他得保证自己不露馅。
精力被严重透支的后果便是宋玉章连猎艳的心思都淡了,更别提想起惦记着他的聂伯年了,他从前没走过“正道”,真不知道走“正道”能这么累人!
没法子,他的时间实在是太紧迫了。
宋振桥不知道什么时候会死,宋齐远不知道什么时候会突然发难,孟庭静不知道什么时候会故态复萌,聂饮冰也不知道什么时候会突然从天而降。
在那条看不见的线逼近之前,他必须充分地武装自己,做好应对的万全准备。
要真正的成为“宋玉章”,的确比他先前所干的任何一票实际都来得难。
宋玉章拉了聂伯年的手,心中半是真心的怜惜半是预备的利用,柔声道:“怎么会发烧呢?”
聂伯年小手团在他的掌心,口齿清晰道:“我是不足月生就生下来的小孩,先天不足,很容易生病。”
宋玉章捏了下他的手,“难受吗?”
“不难受,”聂伯年道,“我习惯啦。”
宋玉章从未见过这样乖巧懂事的孩子,语气也越发柔软了,“想喝水吗?我瞧你嘴唇都干了。”
“我不喝水。”
聂伯年的脸在低热中更红了一些。
宋玉章察言观色,看出他似有小小的难言之隐,好言好语地问他为什么不愿喝水,聂伯年毕竟还小,被宋玉章三言两语地终于还是哄出了真心话。
原来聂伯年虽只有五岁,心智却已长成了一位小小绅士,护士佣人皆是女人,他便很怕喝多了水要去尿尿,他烧得腿软没力气,到时候势必要被抱去把尿,聂伯年怕羞,便无论如何都忍着不喝水。
聂伯年面红耳赤道:“我是男孩子,不能给女孩子看。”
宋玉章未料到他小小年纪竟有如此的羞耻心与忍耐力,不觉有些啼笑皆非,轻揉了下他的头发,“乖宝宝。”

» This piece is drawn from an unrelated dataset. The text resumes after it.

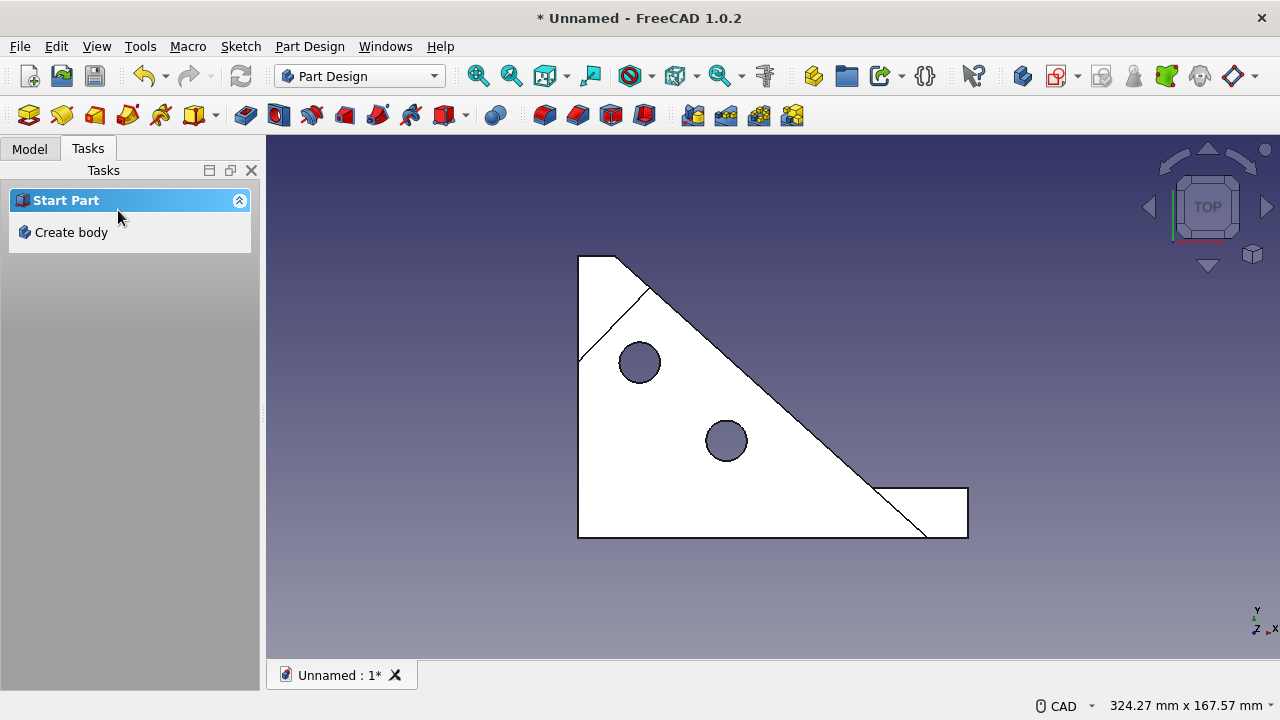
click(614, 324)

聂雪屏人来时,见护士与佣人都在外头,目光中流露出淡淡威严的疑问,佣人忙解释道:“宋家公子来看伯年少爷,正在里头说话呢。”
聂雪屏微一点头,“辛苦了。”
宋业康总喜欢利用伯年来向他献殷勤,聂雪屏心中虽然不喜,但一想毕竟有人能在他不在时陪伯年说说话,总也不是坏事,迈步进入病房,刚一转角便听到了聂伯年说话的声音。
“……我可以自己擦。”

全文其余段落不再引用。